# Expanding Ad Bar



## iluvmybags

What is going on here? The more I scroll, the bigger the ad gets! Is it just this Best Buy ad or is this something new we can expect to see? Its really distracting when you’re using a smaller screen like an iPad.


----------



## adlgel

I noticed the same behavior and it is really annoying.


----------



## Vlad

That lower portion ad bar is not supposed to show for logged-in forum users, I will flag it to my ad network.


----------



## Book Worm

The ads have gotten really big. It takes a good 5-6 scrolls to get past them and they are blank with an occasional word here and there. It takes forever to get past.
Just noticed it from yesterday.


----------



## Vlad

Book Worm said:


> The ads have gotten really big. It takes a good 5-6 scrolls to get past them and they are blank with an occasional word here and there. It takes forever to get past.
> Just noticed it from yesterday.



Can you post a screenshot of this behavior, please?


----------



## Book Worm

Vlad said:


> Can you post a screenshot of this behavior, please?
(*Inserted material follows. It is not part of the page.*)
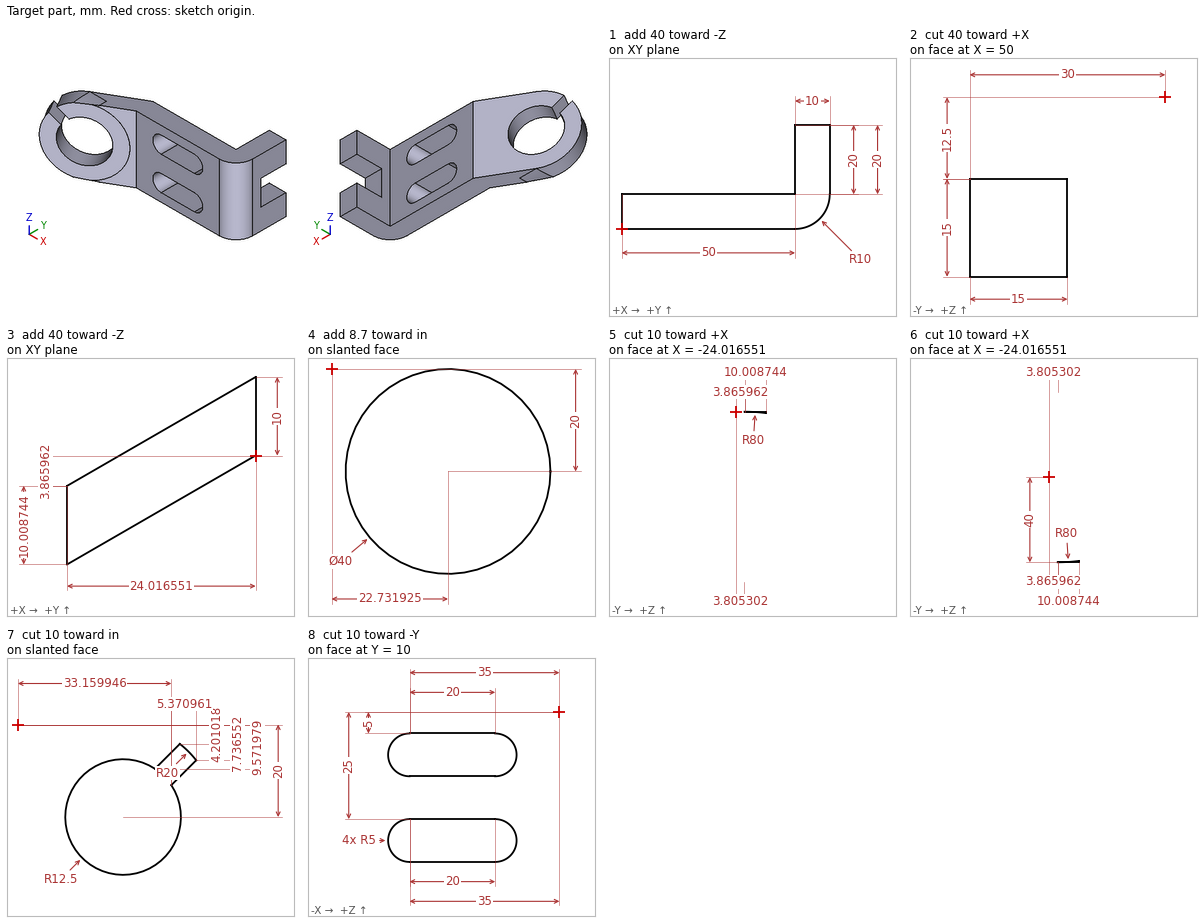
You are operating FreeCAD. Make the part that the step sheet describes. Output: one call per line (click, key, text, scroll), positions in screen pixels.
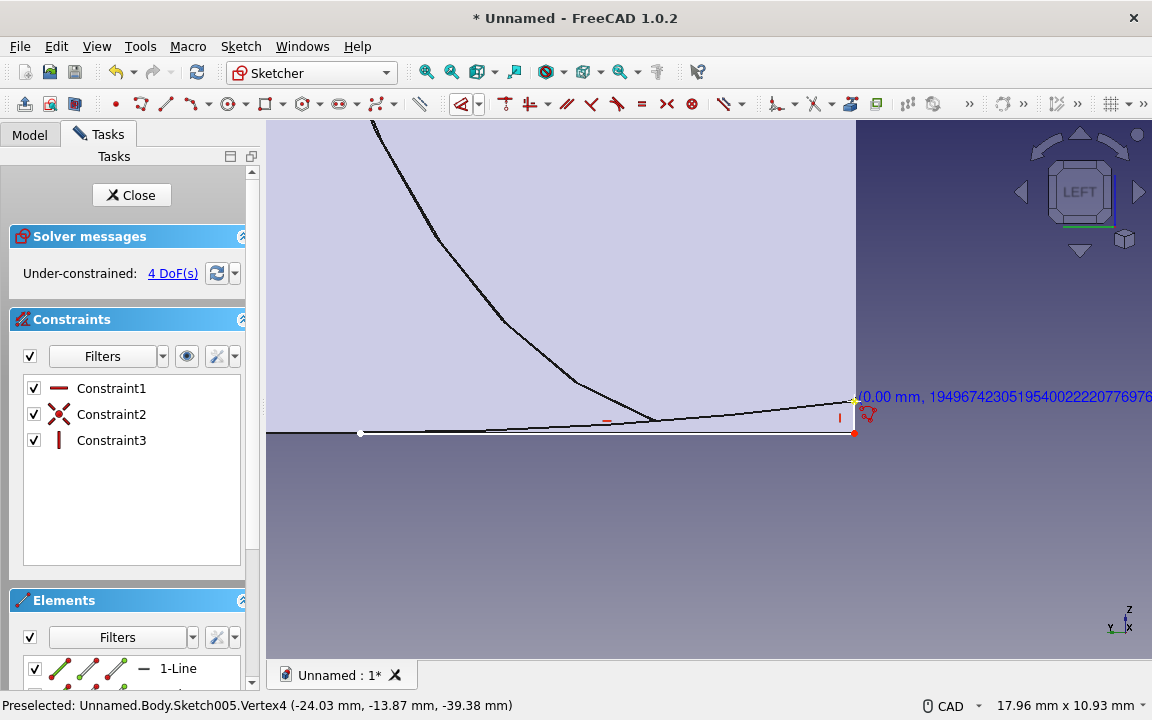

Here you go, its been happening when I use my phone.


----------



## Vlad

Book Worm said:


> Here you go, its been happening when I use my phone.
> View attachment 5653634
> 
> View attachment 5653633
> 
> View attachment 5653632



That is definitely annoying, I will have this addressed with the ad network. Apologies.

You are on an Android phone?


----------



## Book Worm

Vlad said:


> That is definitely annoying, I will have this addressed with the ad network. Apologies.
> 
> You are on an Android phone?


Thx. iPhone.


----------



## acrowcounted

The Best Buy ad is still being obnoxious. Worst part is that it freezes the screen from being clicked until it’s done it’s movements and framing. On safari iPad Pro.


----------



## acrowcounted

Seriously, can we get rid of this Best Buy ad yet? It expands on Every. Single. Page. Load.


----------



## lulu212121

acrowcounted said:


> Seriously, can we get rid of this Best Buy ad yet? It expands on Every. Single. Page. Load.
> 
> View attachment 5660359


Yes! Please fix this. This ad is very annoying.


----------